2011年12月14日星期三

I have an emotional attachment with customers unable to stop

To the outsider, I was happy that the "little woman - her husband is bridesmaid dresses not capable," Mahogany, daughter of bright and lively, but I have a stable job, and one will not "betray the age of the baby face. However, My life has chosen to be preventing the mess.

Ping me and my husband is "matchmakers know, five years ago, I was just a feeling" abandoned, so when a friend put a plug in front of me, I just like to see a straw-like, tightly grabbed hold.

Flat in a small language translation, he looks flat to me the first impression is at ease, like a live person - I have been a former boyfriend of "Mahogany confused physically and mentally exhausted, and the level just to compensate for this fear.

After a front-end feeling, I decided he is more emotional than rational people - since we love, the level of rationality made me feel at ease, and his family are also urging a tight grip, so know within six months, I will quickly "compromise: perhaps can not live with the romance and passion come before. get married! forget the day had been dull.

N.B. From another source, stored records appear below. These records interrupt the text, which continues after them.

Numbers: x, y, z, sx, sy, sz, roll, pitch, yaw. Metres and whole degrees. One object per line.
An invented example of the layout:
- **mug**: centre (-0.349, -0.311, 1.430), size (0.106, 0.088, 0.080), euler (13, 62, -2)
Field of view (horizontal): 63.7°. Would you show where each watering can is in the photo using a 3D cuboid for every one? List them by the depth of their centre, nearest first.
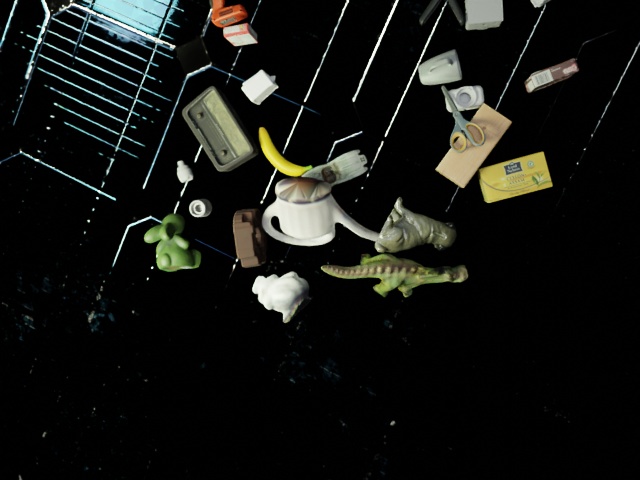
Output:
- **watering can**: centre (0.004, -0.072, 1.439), size (0.347, 0.106, 0.219), euler (0, 132, 6)

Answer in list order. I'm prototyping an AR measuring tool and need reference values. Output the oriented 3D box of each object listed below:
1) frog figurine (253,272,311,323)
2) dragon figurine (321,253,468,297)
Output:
- **frog figurine**: centre (-0.114, 0.143, 1.491), size (0.160, 0.120, 0.139), euler (38, 67, 14)
- **dragon figurine**: centre (0.229, 0.080, 1.332), size (0.241, 0.410, 0.123), euler (-15, 75, 50)
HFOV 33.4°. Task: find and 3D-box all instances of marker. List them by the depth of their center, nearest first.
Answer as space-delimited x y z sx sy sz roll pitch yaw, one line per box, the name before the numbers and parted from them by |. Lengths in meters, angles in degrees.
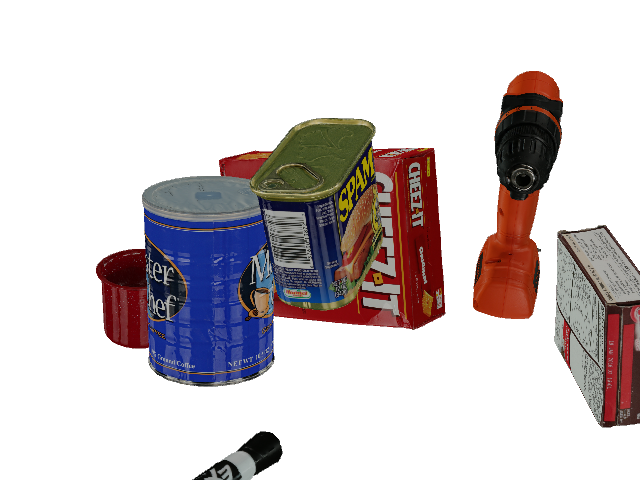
marker | -0.057 0.125 0.530 0.020 0.020 0.120 0 15 33

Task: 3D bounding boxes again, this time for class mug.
mug | -0.208 0.061 1.186 0.093 0.081 0.117 -22 36 -40

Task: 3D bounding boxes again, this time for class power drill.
power drill | 0.167 -0.030 0.896 0.057 0.188 0.184 10 31 11

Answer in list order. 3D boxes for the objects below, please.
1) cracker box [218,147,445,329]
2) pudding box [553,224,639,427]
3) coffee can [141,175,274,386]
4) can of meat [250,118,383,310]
cracker box | 0.008 -0.005 1.042 0.214 0.164 0.071 3 14 35
pudding box | 0.184 0.053 0.694 0.039 0.090 0.113 -5 25 -3
coffee can | -0.087 0.030 0.841 0.103 0.140 0.103 1 19 -1
can of meat | 0.002 -0.017 0.668 0.057 0.084 0.102 3 32 20

So peaceful married, so it was logical to have a daughter.

Ping hurt a child, but I can not find the delay when the mother's feeling, maybe get married too early, I do still like a child. But with her daughter grew up, I finally felt the joy she brought to the family - Ping is a silent man, if not her daughter's existence, we simply can not find a common topic.

(When chatting about his own image, in conspicuous type on MSN flying: "I like fluffy toys, comic addicted; home everywhere covered with 'Mashimaro; usually boring to eat snacks on the crazy level has been ... ... feel that this is simply a 'strange!)

He's romantic to me, "struggled last year, when her daughter just turned two weeks old, I transferred to a bank loan officer to the post - this post is nothing" golden rice bowl, running customer all day, pull deposits, I am busy all day vain at home.

Nan is my first customers, remember, I almost did not charge any tongue, their company's accounts will be linked to me. To celebrate the successful completion of the month indicator at noon that day I proposed to ask Nan to eat.

That the last lunch, Nan insisted on by him to "pay the bill on the grounds that he finally found a" minds of the opposite sex, and I certainly feel the same - in fact, did not talk too much work that day we were outside the topic just another feel quite hit it off, it seems that everything hit it off.

Hours of work the next day, I was surprised just out of the mouth fell open on the bank special occasion dresses door - Nan's car actually parked on the roadside, and Nan is excited to roll down the glass, waving at me.

That day, Nan looked elated, without any explanation to pull me to the airport to watch the sunset, I refused, because I never unprepared to accept the invitation.

But that week a few days later, Nan car almost every day on time 5 o'clock in the evening, waited at the old place.

I finally fail to beat him, and he watched a movie together, a meal. The eyes of my colleagues surprised face, I pretended to be calm and explain - this is my major clients!

Gradually, we go beyond the topic of work. Nan, a few months younger than me, he is very ridiculous to insist that he thought I was little better than old, always regarded me as a child ... ...

Nan always continue with the romantic, but my heart is getting "struggle - after all, I'm married, have a two year old daughter, although Nan never" cross-border move, but I ... ...

Nan is a daily call, I hesitated to find a variety of reasons for each denial, or simply "funk - he always scoff my" kids love juggle, during this time, I can only hesitantly .

Each comes home late, my excuse is always invited customers to eat, flat never questioned.

Nan and I had in 2001 with Christmas Eve, Valentine's Day 2002, we were still talking very warm, Nan also been very cocktail dresses "gentleman - he only occasionally pull up my hand, slowly, my" struggle Some numbness, and then transformed into peace of mind.

("I want to get where he is two years old mother, I know sorry for him, but I could not resist! I had is a sentimental person, last winter, I first began to doubt the correctness of marriage ... ... finish this sentence, conspicuous on the screen leaving a long list of ellipsis, silence for a long time.)

I had thought was so far not developed such a thing, of course, "fairy tale, in the first three days after the holiday lover, I work until 9 pm, take the subway home alone.

Nan suddenly called to me: "I must confess to you, I love you, you consider to be my girlfriend? I suddenly ignorant, my mind went blank.

When calm down again after I give birth to a sudden impulse to tell all the truth, in the subway car, I can only vaguely said: "Let me think!

Frankly, to say I did not feel it was Nan Self-deception, from the beginning of his hospitality, I felt his "means. I can then repeatedly lying to myself - will do the wrong meaning of unrequited love!

Can be worse, as more and more frequent contacts, degree of understanding between us will become increasingly high, and I like the feeling of his bickering - when Nan finally declare to me, I have long been reluctant to "give up him.

After that, I did not reply positively to Nan, but continued to meet with two or three times a week frequency.

Those days, I always comfort myself: over time again, to find a suitable opportunity to say, but I never know the "right time, right place where it is.

Such a delay, and have not the courage to tell him.